New Education Secretary Damian Hinds confirmed this month that he will encourage grammar schools to expand, saying that “when it is possible for them to expand, physically, I want them to be able to expand.” It is widely believed that Hinds was appointed because of his support for traditional Conservative education policies such as the expansion of grammar schools., Whether this policy promotes the Department for Education’s commitment to improving social mobility (the Department’s number one priority), has generated much debate in recent months.

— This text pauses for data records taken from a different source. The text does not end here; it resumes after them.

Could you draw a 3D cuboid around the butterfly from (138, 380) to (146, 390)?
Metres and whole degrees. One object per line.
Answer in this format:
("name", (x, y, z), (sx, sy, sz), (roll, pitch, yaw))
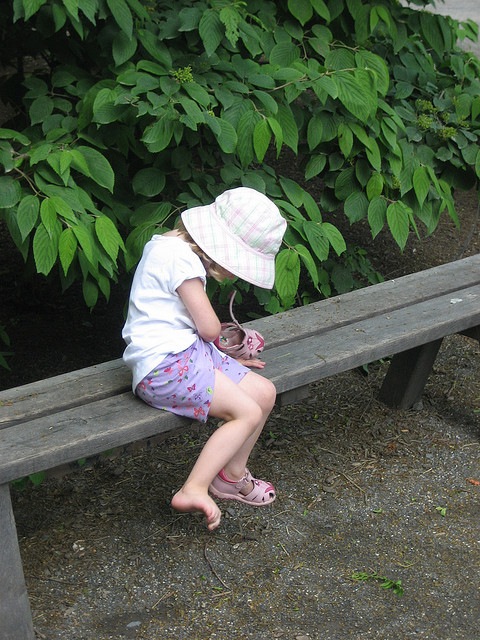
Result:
("butterfly", (-0.241, 0.160, 1.453), (0.021, 0.022, 0.004), (35, 37, 27))

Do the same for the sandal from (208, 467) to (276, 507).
("sandal", (0.032, 0.528, 1.861), (0.213, 0.079, 0.094), (-2, 0, 28))

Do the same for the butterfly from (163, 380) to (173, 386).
("butterfly", (-0.175, 0.152, 1.439), (0.027, 0.006, 0.006), (-28, 15, -20))

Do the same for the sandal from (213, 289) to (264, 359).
("sandal", (0.000, 0.064, 1.732), (0.133, 0.099, 0.109), (20, 32, 7))

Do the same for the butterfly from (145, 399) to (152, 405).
("butterfly", (-0.228, 0.204, 1.472), (0.017, 0.007, 0.021), (12, 2, 8))

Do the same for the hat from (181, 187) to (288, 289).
("hat", (-0.019, -0.219, 1.545), (0.272, 0.223, 0.215), (9, 33, -12))

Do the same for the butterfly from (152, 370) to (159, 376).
("butterfly", (-0.206, 0.129, 1.446), (0.014, 0.008, 0.013), (10, 31, -8))

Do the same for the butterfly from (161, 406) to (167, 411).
("butterfly", (-0.189, 0.218, 1.459), (0.011, 0.002, 0.008), (0, 58, -11))

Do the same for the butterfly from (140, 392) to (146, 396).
("butterfly", (-0.242, 0.185, 1.471), (0.012, 0.007, 0.003), (10, 8, 38))

There has been a ban on opening new state-funded grammar schools in the UK since 1998. This rule was implemented under Tony Blair’s Labour Government and has received strong cross-party consensus. Evidence conducted by the Education Policy Institute suggested that the children of wealthier families were better prepared for the 11+ exams and therefore grammars resulted in social as well as academic segregation. In 2007, then-Prime Minister David Cameron once said that the debate on grammar schools was “pointless” because “parents fundamentally don’t want their children divided into sheep and goats at the age of 11.” On becoming Education Secretary in July 2016 Hinds’ predecessor, Justine Greening, said that “there will be no return to the simplistic, binary choice of the past, where schools separate children into winners and losers, successes or failures.” When Theresa May became Prime Minister she appointed chief grammar champion, Nick Timothy, as her Chief of Staff, and he openly discussed his personal experience of going to grammar school, believing it had given him access to social mobility he would not otherwise have had. Soon after Mrs May announced that her Government would reintroduce grammar schools, particularly to areas of high deprivation. She said: “The truth is that we already have selection in our school system – and it’s selection by house price, selection by wealth. That is simply unfair.”

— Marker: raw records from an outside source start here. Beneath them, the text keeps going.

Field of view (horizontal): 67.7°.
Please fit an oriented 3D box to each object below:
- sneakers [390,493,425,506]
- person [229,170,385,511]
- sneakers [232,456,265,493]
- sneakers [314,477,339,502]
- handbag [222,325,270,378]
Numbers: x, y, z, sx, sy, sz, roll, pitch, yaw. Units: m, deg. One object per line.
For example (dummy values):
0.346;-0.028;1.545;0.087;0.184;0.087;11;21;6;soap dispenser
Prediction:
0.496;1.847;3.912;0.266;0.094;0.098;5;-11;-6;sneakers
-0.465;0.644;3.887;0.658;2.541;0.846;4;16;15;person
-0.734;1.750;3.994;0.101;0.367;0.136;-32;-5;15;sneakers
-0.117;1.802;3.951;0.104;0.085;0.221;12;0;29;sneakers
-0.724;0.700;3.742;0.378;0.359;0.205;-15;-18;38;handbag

Supporters of grammar schools argue that they are vehicles for social mobility as they undermine privilege and are more equitable for those who attend. When announcing that grammar schools would be reintroduced before the 2017’s General Election, Theresa May said: “The truth is that we already have selection in our school system – and it’s selection by house price, selection by wealth. That is simply unfair.” Critics are concerned that this will empower existing grammar schools to have more places, improving elite education in the areas in which they already operate. They argue that middle class families with more money are able to move into the grammar school catchment areas, often having their children privately coached to pass the 11-plus.
It is difficult to see how the expansion of existing grammar schools will improve the postcode scramble that sees estate agents now paying local schools to perform well as they have become one of property’s primary selling points. Converting comprehensive schools into grammars and secondary moderns will not solve the problem of underperforming schools; it will simply concentrate the problem, probably in areas of high deprivation. The Association of Teachers and Lecturers was right when it responded to Mrs May’s announcements saying that the debate is “a massive distraction from the real issues facing our education system.” The answer is not to provide better resources for pupils who perform well at age 11, but to improve poorly performing schools and schools that admit poorly performing students.